> [Description of the task]
What you should end up with is an exact copy of the lines from the one holding "1) person [1082,766,1133,927]" through the last line of the entries below, both included, and nothing else; leave every picture out.

> [Records]
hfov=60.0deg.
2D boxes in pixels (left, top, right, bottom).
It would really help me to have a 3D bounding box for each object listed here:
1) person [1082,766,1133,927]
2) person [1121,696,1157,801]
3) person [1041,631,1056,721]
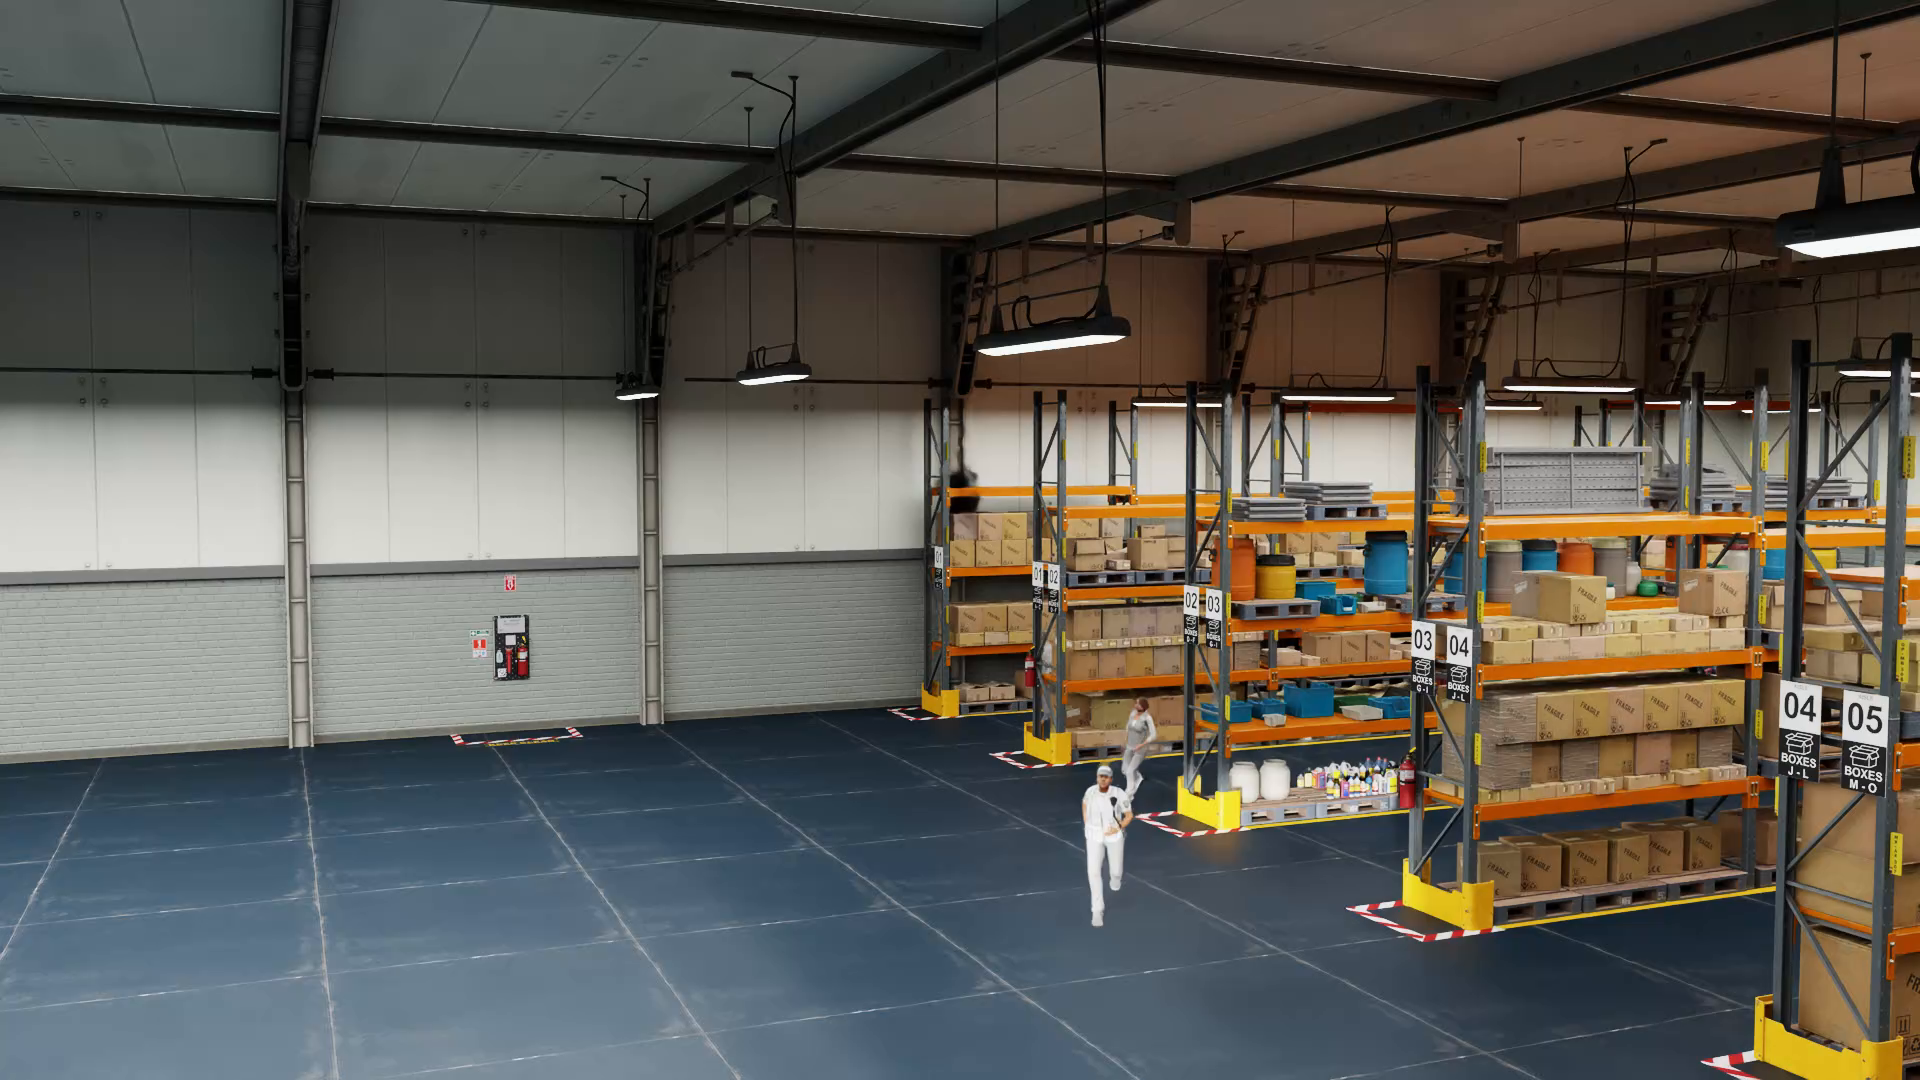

> [Solution for this exercise]
1) person [1082,766,1133,927]
2) person [1121,696,1157,801]
3) person [1041,631,1056,721]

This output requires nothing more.